[Task objective] Take the entries below and print only the lines from the one with "An invented example" through the one with "Object: the chair [241,372,314,439].", exactly as they stand, both ends included.

[Input data]
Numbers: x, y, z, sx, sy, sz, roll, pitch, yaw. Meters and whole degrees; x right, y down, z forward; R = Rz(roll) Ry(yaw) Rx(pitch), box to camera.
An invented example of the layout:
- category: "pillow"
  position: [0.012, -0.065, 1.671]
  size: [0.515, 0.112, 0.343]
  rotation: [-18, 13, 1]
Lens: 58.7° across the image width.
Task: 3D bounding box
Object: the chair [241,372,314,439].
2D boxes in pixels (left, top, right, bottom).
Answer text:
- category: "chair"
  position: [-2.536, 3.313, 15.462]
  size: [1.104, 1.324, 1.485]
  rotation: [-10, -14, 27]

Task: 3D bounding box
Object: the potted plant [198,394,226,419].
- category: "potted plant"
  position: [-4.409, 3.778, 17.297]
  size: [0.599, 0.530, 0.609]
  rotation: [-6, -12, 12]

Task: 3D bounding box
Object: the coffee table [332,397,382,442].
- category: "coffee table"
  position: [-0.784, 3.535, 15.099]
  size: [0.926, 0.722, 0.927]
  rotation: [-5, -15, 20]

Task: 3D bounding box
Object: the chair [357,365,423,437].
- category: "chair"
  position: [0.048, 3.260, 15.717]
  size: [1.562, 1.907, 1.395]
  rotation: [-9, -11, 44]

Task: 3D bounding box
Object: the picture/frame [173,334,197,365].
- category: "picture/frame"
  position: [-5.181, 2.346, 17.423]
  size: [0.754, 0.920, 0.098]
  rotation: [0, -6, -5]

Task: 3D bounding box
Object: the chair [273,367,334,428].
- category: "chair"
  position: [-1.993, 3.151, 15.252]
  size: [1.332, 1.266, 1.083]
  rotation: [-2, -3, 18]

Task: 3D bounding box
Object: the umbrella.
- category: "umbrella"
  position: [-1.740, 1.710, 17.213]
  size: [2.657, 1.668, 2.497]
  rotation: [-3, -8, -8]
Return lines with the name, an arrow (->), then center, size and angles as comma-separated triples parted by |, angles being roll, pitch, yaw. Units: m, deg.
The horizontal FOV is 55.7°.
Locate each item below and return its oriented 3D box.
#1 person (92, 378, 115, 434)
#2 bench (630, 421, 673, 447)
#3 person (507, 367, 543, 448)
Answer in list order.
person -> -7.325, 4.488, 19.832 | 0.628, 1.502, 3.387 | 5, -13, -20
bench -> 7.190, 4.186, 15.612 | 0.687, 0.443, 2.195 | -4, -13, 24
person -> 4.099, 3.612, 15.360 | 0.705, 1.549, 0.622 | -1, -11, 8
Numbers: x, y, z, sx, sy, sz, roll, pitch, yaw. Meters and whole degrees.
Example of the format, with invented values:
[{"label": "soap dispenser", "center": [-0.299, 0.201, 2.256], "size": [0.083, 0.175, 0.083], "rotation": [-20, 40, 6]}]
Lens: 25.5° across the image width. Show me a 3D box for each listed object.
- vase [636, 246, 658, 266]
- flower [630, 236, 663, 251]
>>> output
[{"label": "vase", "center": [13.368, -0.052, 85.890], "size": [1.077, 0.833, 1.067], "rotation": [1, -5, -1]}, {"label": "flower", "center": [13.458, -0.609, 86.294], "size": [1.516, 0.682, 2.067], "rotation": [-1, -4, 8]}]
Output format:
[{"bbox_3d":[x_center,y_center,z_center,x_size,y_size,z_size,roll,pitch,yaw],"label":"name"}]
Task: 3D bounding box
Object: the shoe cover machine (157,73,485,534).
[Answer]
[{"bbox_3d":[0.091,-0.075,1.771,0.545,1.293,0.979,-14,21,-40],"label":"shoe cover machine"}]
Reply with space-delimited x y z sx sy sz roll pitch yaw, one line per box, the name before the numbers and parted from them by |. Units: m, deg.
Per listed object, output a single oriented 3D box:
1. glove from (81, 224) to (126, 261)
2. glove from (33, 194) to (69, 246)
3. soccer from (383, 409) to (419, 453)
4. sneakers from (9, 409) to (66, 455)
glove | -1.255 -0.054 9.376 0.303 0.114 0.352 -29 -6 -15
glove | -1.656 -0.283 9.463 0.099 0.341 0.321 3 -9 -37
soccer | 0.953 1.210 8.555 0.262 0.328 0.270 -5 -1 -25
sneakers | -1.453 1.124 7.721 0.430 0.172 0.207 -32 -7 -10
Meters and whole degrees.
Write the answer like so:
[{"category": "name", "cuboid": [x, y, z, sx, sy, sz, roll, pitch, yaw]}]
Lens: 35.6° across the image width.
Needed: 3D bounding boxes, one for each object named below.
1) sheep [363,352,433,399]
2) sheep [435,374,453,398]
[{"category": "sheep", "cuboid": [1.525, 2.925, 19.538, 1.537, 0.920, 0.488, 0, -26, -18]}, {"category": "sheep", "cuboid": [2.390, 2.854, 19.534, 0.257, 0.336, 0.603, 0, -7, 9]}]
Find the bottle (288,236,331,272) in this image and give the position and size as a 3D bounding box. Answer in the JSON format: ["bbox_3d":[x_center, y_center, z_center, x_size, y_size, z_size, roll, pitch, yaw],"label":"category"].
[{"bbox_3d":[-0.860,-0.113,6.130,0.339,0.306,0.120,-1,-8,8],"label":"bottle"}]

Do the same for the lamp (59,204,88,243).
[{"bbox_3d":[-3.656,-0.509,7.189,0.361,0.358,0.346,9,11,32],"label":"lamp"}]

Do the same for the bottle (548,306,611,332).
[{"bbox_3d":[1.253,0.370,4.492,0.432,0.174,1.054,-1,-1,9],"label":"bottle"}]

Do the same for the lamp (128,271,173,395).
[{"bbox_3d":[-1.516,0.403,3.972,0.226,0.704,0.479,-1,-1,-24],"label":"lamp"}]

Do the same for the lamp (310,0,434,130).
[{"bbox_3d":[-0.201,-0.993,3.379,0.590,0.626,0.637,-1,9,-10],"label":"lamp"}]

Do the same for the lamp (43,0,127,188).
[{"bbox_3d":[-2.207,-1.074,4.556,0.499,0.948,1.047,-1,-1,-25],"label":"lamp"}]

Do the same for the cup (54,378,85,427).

[Exercise response]
An invented example of the layout:
- category: "pillow"
  position: [0.012, -0.065, 1.671]
  size: [0.515, 0.112, 0.343]
  rotation: [-18, 13, 1]
Lens: 58.7° across the image width.
Task: 3D bounding box
Object: the chair [241,372,314,439].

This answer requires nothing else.